Maybe some teens will learn everything they need to know from their parents. Maybe some teens will be ambitious enough to seek out the information on their own. But is it worth the risk for those who don’t fall into either category?

Would you prefer teens who have sex (whether you consider that to be right or wrong, a mistake or not) deal with unwanted pregnancies, STDs, or even die than be educated and know how to protect themselves?

We teach our kids plenty of things in high school that they will never, ever use again. I’ve never needed to know what the insides of a worm look like. I haven’t touched a protractor or compass since Geometry class. I have NO IDEA what I learned in an entire year of Chemistry. But sex education has never lost its importance in my life.

Photo Credit – Birth Control Pills
Photo Credit – Condoms on Cucumbers

4 responses to this post.

  1. You are right on about your analysis of teens – those who are going to try it are not “encouraged” at all by sex education; they are only informed. Those who are apt to try it are going to try it no matter what, really and truly. And those who are going to hold out also do so no matter what. I honestly can’t believe there is any community in this day and age that would hold out on sex education. How ill-informed.
    And I agree with you wholeheartedly – schools really need to have more stuff that kids will use for the rest of their lives, not less of it!

    Reply

    • Thank you, Anne!

      Throughout my education it was always emphasized that abstinence was the only 100% effective way of preventing pregnancy and STDs. And that was always followed up with, “but if you’re going to do it, at least know how to best protect yourself.” We were told there’s no such thing as *safe* sex, but there is *safer* sex.

      I just cannot understand the opposition’s view on this. I cannot understand a mentality of “the less you know, the better.” {sigh}

      Reply

  2. I love this. I also waited until my early 20’s to have sex, but my mom never believed me. I too told her to take me to the doctor if she didn’t believe me. Half the time it was the pastor’s kids who were having sex.

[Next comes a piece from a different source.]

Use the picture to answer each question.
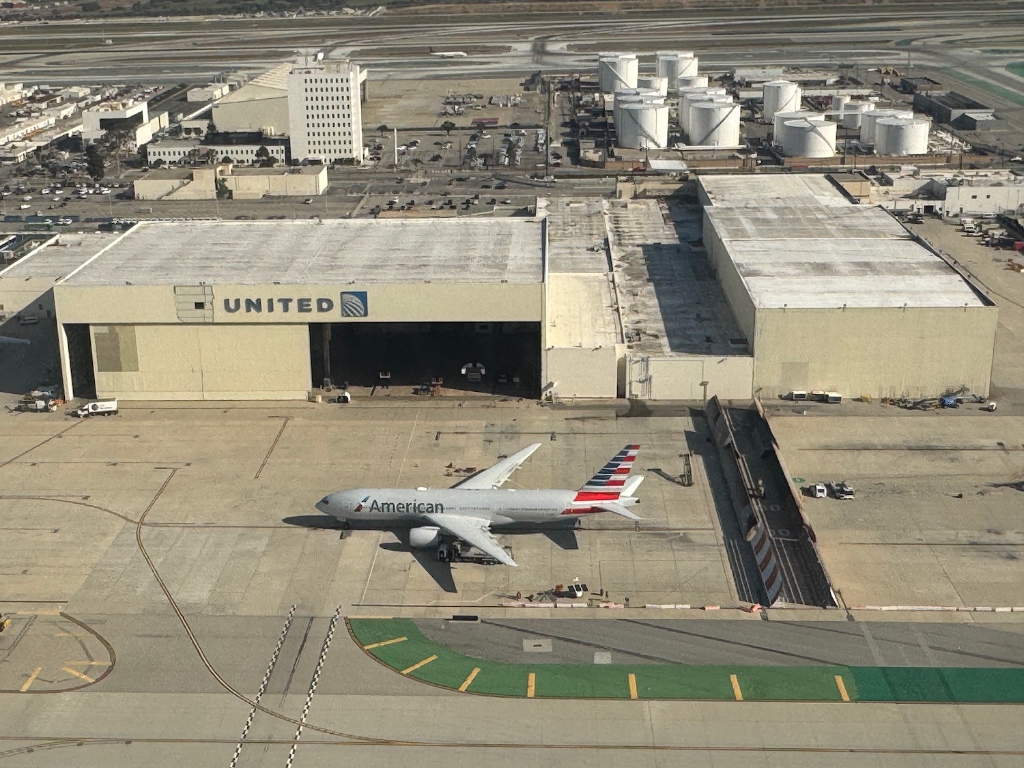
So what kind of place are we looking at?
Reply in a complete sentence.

    And I couldn’t agree more, schools need to focus on what kids really “need” to learn instead of just teaching abstinence and living in denial that it isn’t working.

    Reply

    • Thanks, Jen 🙂

      Why are the “good girls” the ones who aren’t believed? LOL

      I also don’t understand the idea that this shouldn’t part of a school’s job. Schools teach our kids about all kinds of health issues, why the hell would we stop at sexual health?!